## WORK INSTRUCTIONS
The response must reproduce exactly every line of the material below holding the word "roll".
Start of SUPPLIED DATA
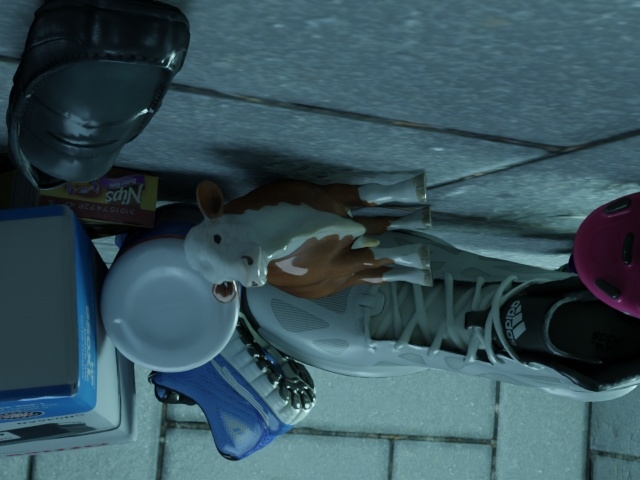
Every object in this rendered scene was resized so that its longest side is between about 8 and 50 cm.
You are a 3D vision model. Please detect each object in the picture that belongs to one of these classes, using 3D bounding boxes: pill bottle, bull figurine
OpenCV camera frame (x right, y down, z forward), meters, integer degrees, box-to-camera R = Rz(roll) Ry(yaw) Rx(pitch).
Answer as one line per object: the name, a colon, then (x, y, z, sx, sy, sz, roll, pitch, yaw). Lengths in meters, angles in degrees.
End of SUPPLIED DATA
## RESULT FOR THIS EXERCISE
OpenCV camera frame (x right, y down, z forward), meters, integer degrees, box-to-camera R = Rz(roll) Ry(yaw) Rx(pitch).
Answer as one line per object: the name, a colon, then (x, y, z, sx, sy, sz, roll, pitch, yaw). Lengths in meters, angles in degrees.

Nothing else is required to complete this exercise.